Data

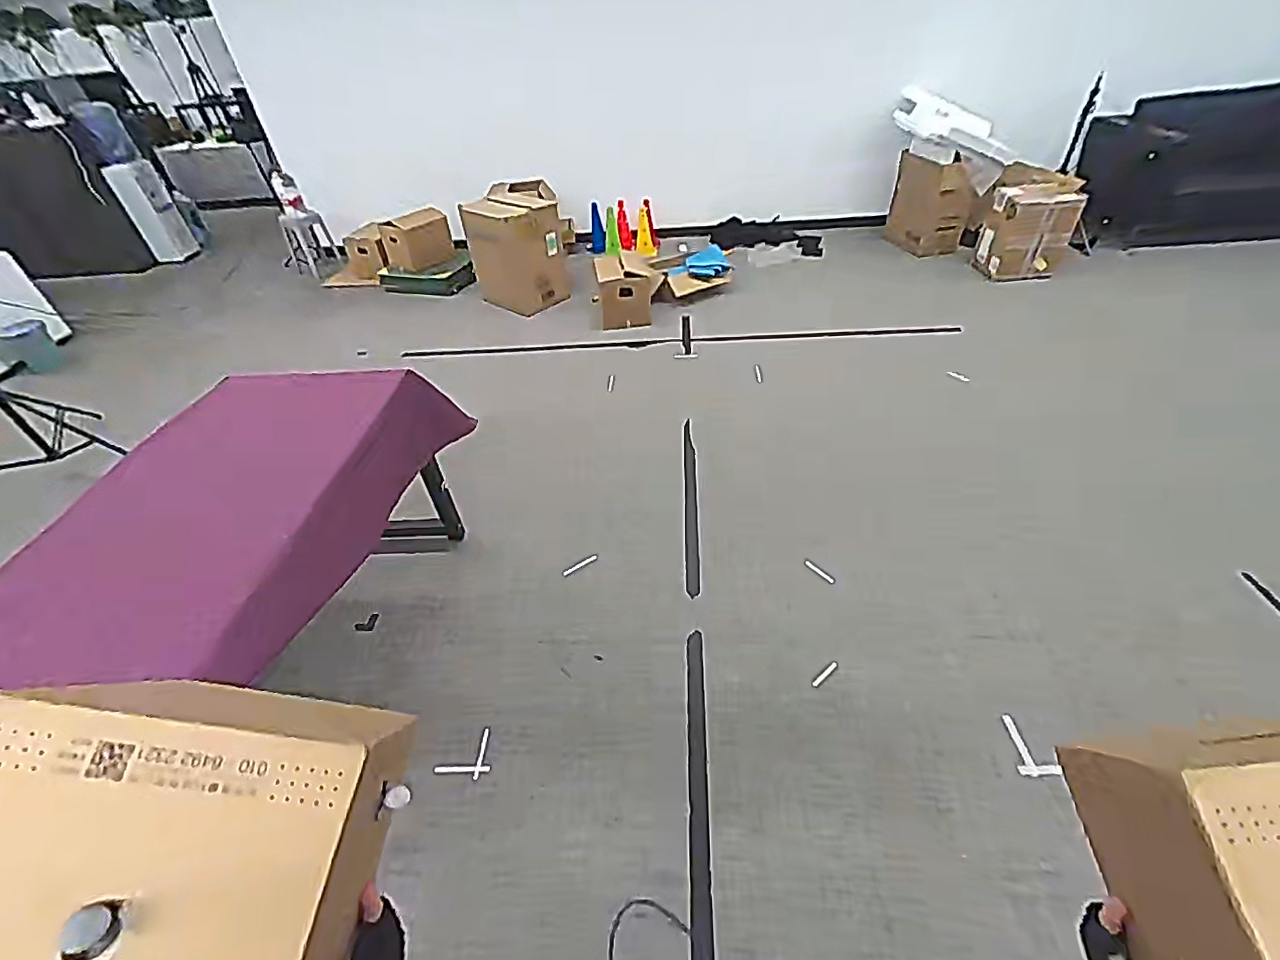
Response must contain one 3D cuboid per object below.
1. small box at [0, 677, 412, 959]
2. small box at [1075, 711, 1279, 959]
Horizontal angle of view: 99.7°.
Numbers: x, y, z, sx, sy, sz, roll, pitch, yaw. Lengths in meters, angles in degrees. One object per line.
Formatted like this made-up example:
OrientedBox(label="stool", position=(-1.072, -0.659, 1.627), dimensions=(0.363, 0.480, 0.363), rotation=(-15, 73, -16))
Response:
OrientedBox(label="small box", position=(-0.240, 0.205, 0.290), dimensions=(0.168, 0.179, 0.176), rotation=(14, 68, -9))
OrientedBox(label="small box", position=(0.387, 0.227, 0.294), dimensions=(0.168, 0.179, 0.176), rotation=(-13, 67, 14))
--
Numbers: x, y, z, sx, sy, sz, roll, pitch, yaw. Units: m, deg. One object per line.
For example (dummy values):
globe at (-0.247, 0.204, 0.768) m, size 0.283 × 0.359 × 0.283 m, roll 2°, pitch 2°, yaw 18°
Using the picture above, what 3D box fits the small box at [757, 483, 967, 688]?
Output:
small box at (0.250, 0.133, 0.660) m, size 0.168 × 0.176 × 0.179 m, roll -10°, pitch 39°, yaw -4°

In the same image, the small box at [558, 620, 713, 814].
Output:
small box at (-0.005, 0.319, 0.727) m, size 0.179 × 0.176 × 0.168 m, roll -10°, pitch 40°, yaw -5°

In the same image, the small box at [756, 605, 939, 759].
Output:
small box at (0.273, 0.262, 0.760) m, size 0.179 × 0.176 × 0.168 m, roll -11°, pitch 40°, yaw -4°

Task description
Return all lines from the material that contain "same".

Output of the task
In the same image, the small box at [558, 620, 713, 814].
In the same image, the small box at [756, 605, 939, 759].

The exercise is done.